Should the fourth category of documents be ordered?
[56] As previously noted, Mr Kooiman accepts he can provide the first three categories of documentation listed in Mr Whitley’s information request. Given my finding that all of Ribble’s present and after acquired personal property forms collateral under the security agreement it is entirely appropriate that Ribble delivers up these documents. For the avoidance of doubt I make such an order.
[57] However, it is in relation to the fourth category of documents that
Mr Kooiman maintains his opposition.
[58] In resisting Mr Whitley’s request, Mr Kooiman refers to the powers of
receivers set out in s 14 of the Act; specifically s 14(2)(f) and (g) which provide:
“(2) Subject to the deed or agreement or the order of the court by or under which the appointment was made, a receiver may—
…
(f) inspect at any reasonable time books or documents that relate to the property in receivership and that are in the possession or under the control of the grantor;
(g) exercise, on behalf of the grantor, a right to inspect books or documents that relate to the property in receivership and that are in the possession or under the control of a person other than the grantor;”
[59] Mr Kooiman submits that because the receiver’s powers are limited to the “right to inspect” Mr Whitley has no right to “request [Ribble] to deliver up all such books, records and documents”. For this reason he submits Ribble has acted lawfully in refusing Mr Whitley’s request.
[60] Mr Hucker submits that the books, records and documents form part of Ribble’s personal property and thus Mr Whitley, as receiver, has a right to possess them under the GSA and s 109 of the Personal Property Securities Act 1999 irrespective of any right to inspect them under the Act. In any event, he submits that the right of inspection must, necessarily, include a right to take copies.6
[61] Mr Kooiman replies that this material does not fall within the definition of “goods” in s 16 of the Personal Property Securities Act 1999 and therefore does not need to be provided to the receiver. The relevant provision in that Act defines “goods” as:
“goods—
(a) means tangible personal property; and
(b) includes crops, the unborn young of animals, trees that have been severed, and petroleum or minerals that have been extracted; but
6 Mr Hucker cites ANZ National Bank Ltd v Sheahan [2012] NZHC 3037, [2013] 1 NZLR 674 at [38] for this proposition. I note that this case concerned with the powers of a liquidator rather than a receiver.
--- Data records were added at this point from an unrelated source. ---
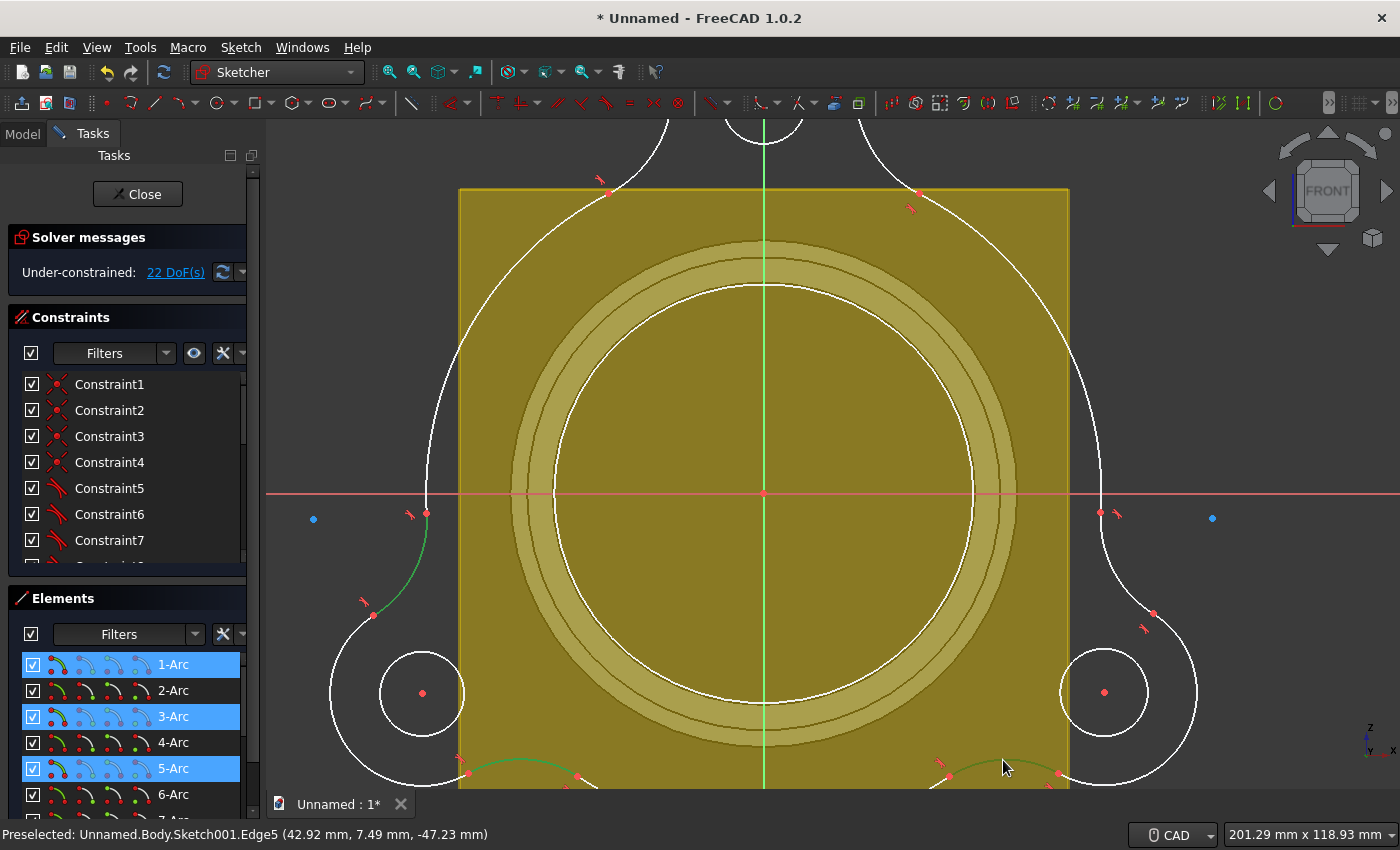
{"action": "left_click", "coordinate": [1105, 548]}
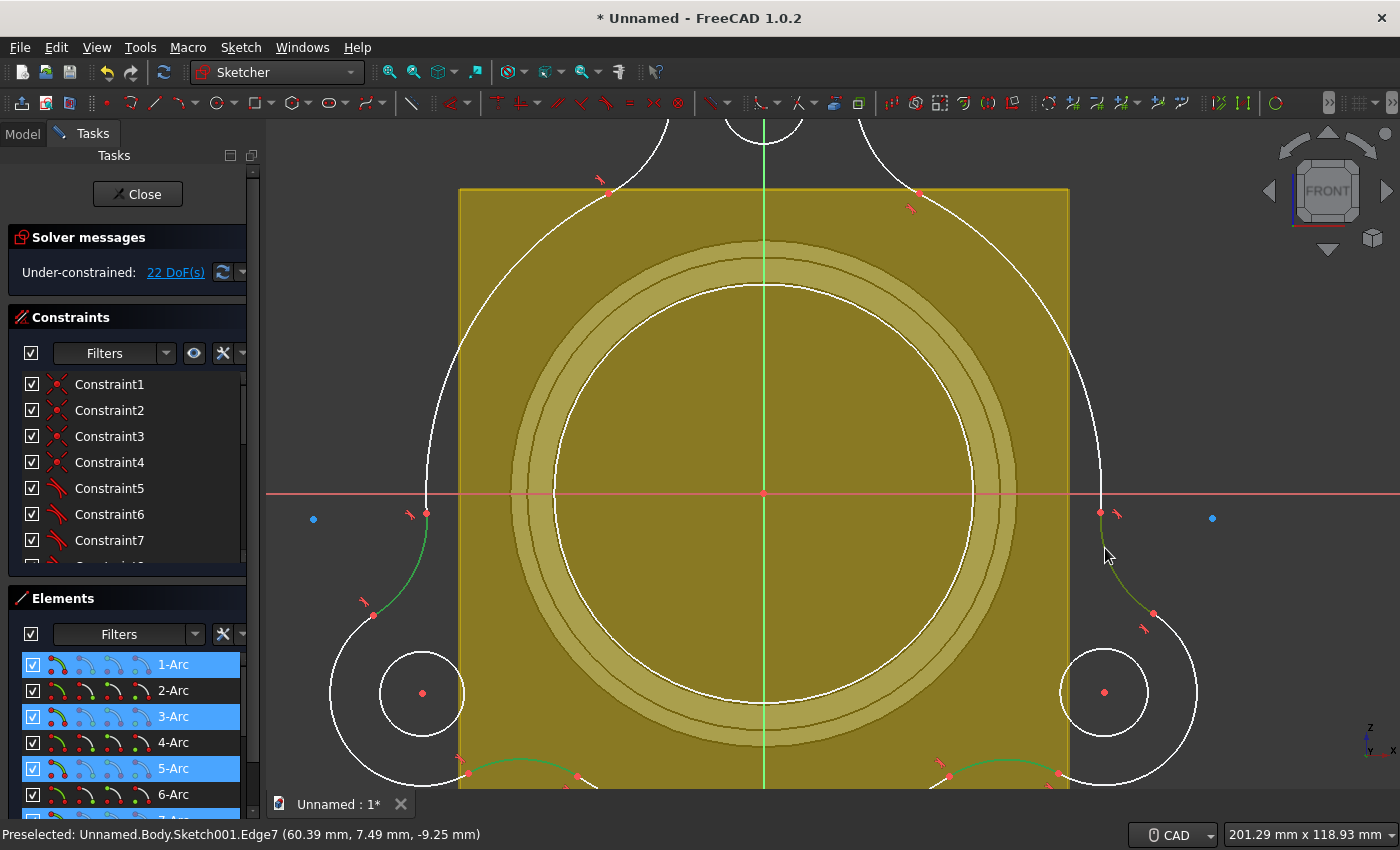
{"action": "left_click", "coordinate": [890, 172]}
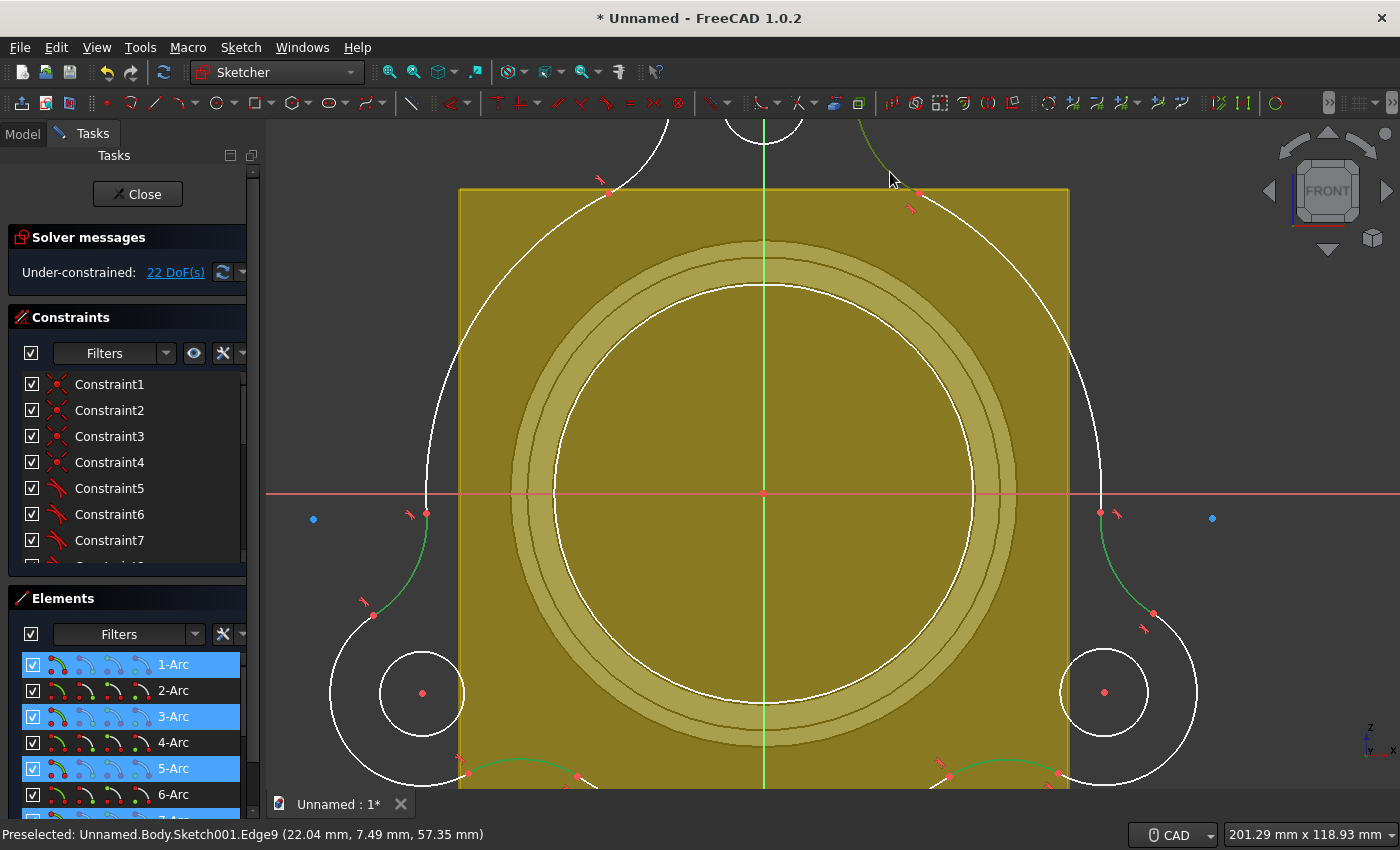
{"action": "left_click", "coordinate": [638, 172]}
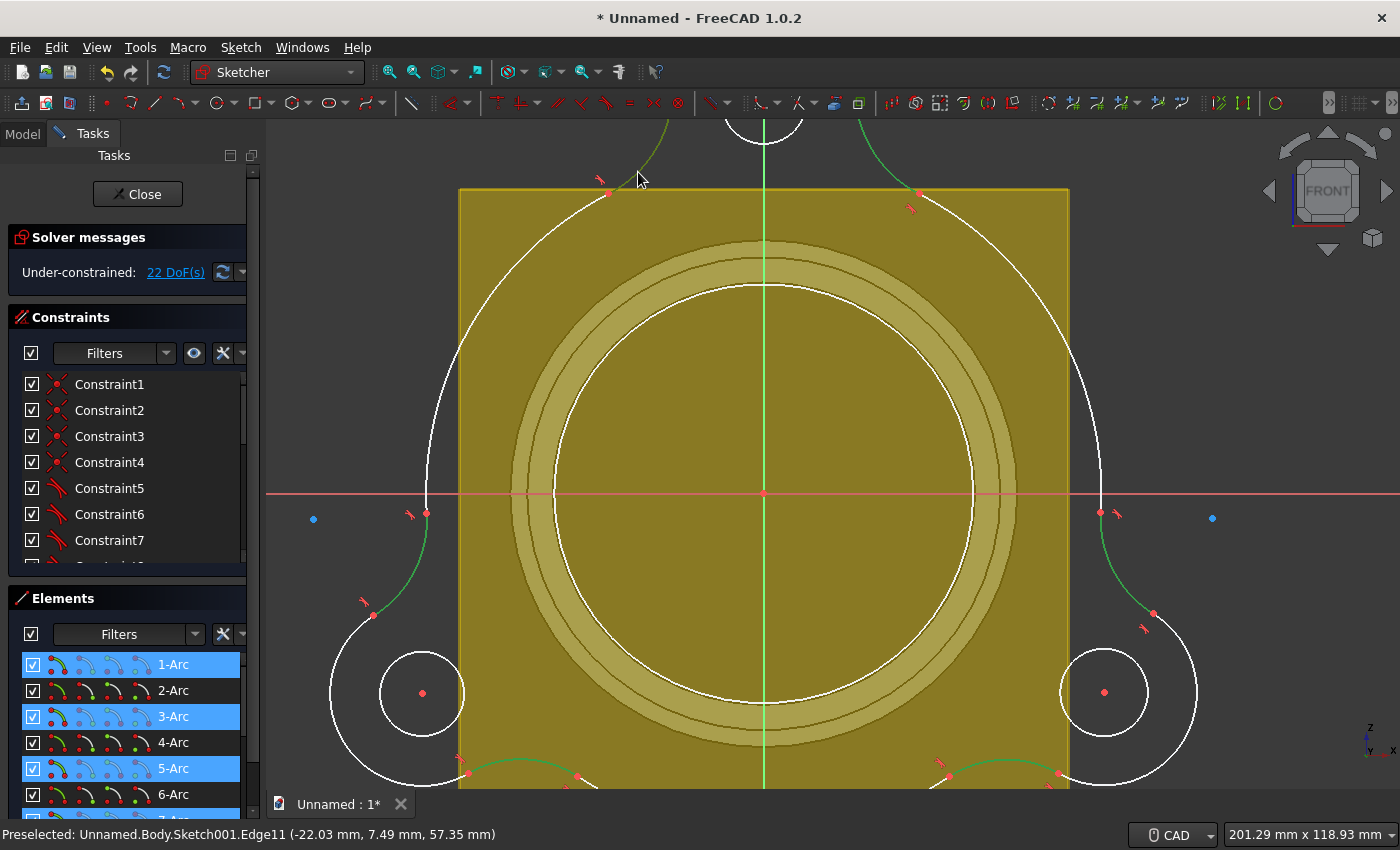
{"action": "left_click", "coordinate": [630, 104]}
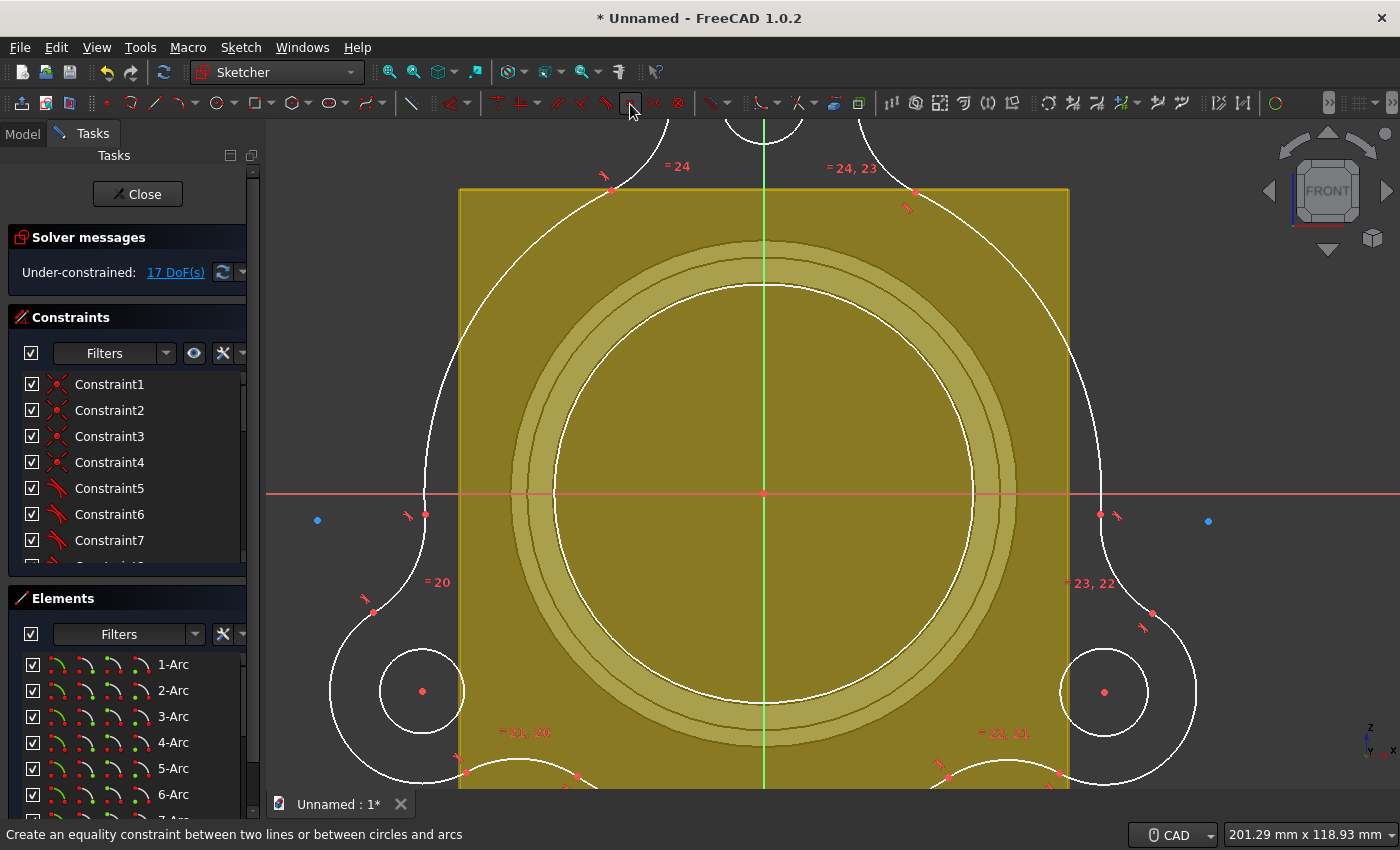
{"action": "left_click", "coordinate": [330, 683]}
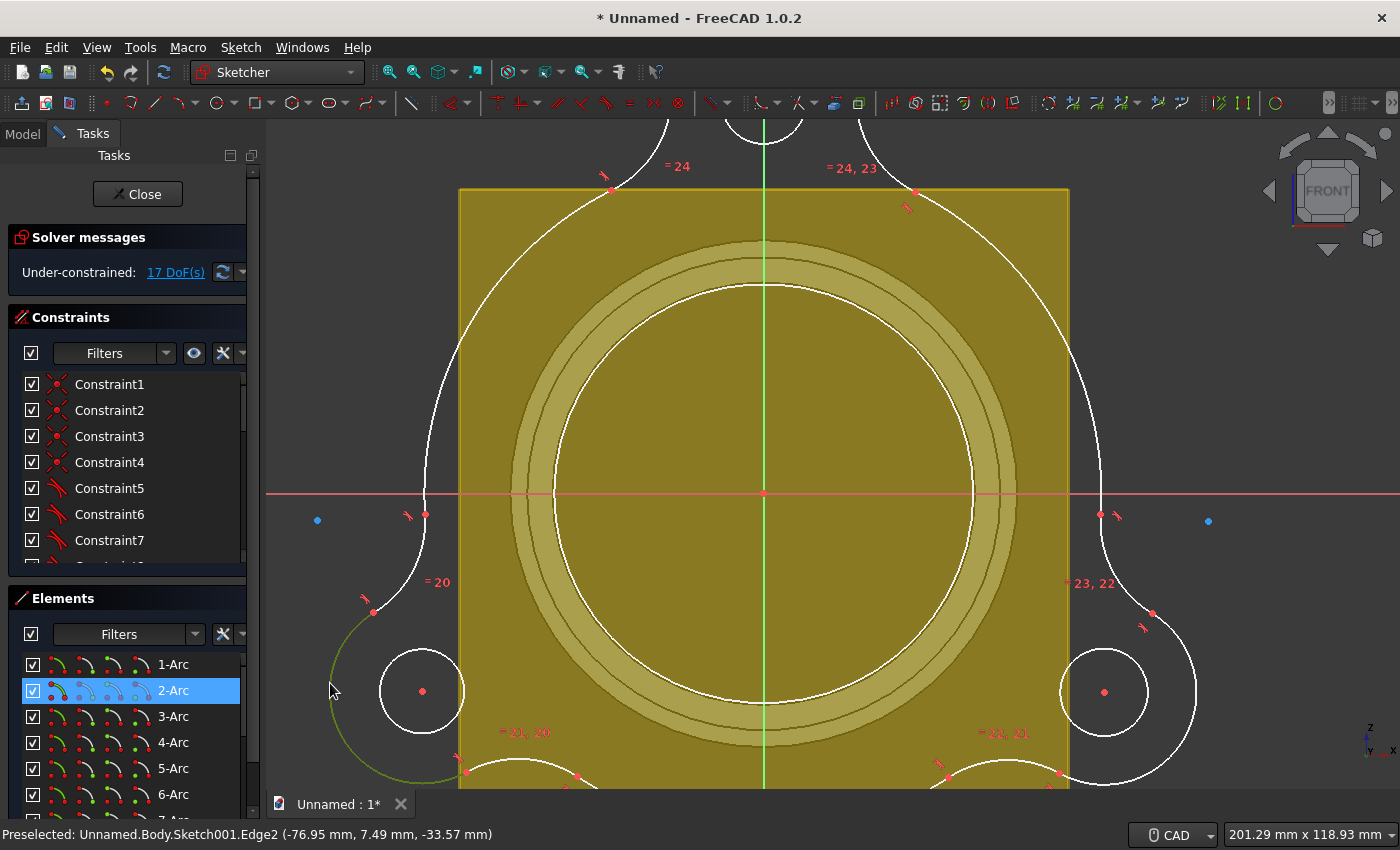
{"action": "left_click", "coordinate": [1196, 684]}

(c) does not include chattel paper, a document of title, a negotiable
instrument, an investment security, or money”
[62] With reference to the third limb of the definition, Mr Kooiman submits the documentation sought by the receiver does not constitute “goods” and therefore falls outside the category of property secured by the GSA.
[63] I am satisfied that Mr Kooiman’s argument must fail for at least four reasons.
[64] First, the third limb of the definition in s 16 refers to particular types of documents and instruments. “Chattel paper”, for example, is defined elsewhere in s 16 to mean “one or more writings that evidence both a monetary obligation and a security interest in, or lease of, specific goods or specific goods and accessions”. None of the material sought in respect of category 4 would fall within the third limb of the definition of “goods” in s 16. Rather, all physical documents which do not constitute “chattel paper, documents of title, negotiable instruments, investment securities, or money” would fall within the first limb of the definition as “tangible physical property”.
[65] Secondly, the right to possession extends not to “goods” but to “collateral”, which is defined in s 16 of the Act to mean “personal property that is subject to a security interest”. The term “personal property” obviously extends beyond “goods” and would include books, records and physical documents. In fact, it is defined elsewhere in s 16 to include chattel paper, documents of title, negotiable instruments, investment securities, or money”, the very phrase Mr Kooiman sought to exclude from the ambit of the security. I have determined that the collateral comprises all of Ribble’s present and after acquired property. Therefore, the category of documents sought by Mr Whitley, being personal property of the company, form part of the collateral. It does not matter which particular category of property they fall under. Mr Whitley, as receiver and therefore agent of the secured party, has a right to possess those documents, the debtor being in default.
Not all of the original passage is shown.